(Saved data entries)
○ ○ ○

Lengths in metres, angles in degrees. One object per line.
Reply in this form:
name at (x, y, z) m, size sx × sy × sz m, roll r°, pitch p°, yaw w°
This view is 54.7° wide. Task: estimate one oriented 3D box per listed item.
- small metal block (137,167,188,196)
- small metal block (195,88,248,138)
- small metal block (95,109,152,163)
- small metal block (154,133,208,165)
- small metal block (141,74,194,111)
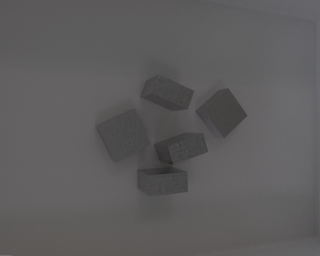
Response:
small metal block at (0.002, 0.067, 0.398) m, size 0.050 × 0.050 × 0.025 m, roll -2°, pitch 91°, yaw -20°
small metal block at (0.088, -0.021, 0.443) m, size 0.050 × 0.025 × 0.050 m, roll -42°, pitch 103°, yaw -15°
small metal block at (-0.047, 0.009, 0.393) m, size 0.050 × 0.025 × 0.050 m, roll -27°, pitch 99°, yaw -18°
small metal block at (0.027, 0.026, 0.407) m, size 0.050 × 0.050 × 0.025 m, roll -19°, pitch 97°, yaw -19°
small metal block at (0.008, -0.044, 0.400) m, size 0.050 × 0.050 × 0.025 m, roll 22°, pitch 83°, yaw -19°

○ ○ ○

**About this task**
Lines from the top of the entries through the line with "- small metal block (141,74,194,111)" are to be transcribed exactly, and nothing more.

**Your response**
Lengths in metres, angles in degrees. One object per line.
Reply in this form:
name at (x, y, z) m, size sx × sy × sz m, roll r°, pitch p°, yaw w°
This view is 54.7° wide. Task: estimate one oriented 3D box per listed item.
- small metal block (137,167,188,196)
- small metal block (195,88,248,138)
- small metal block (95,109,152,163)
- small metal block (154,133,208,165)
- small metal block (141,74,194,111)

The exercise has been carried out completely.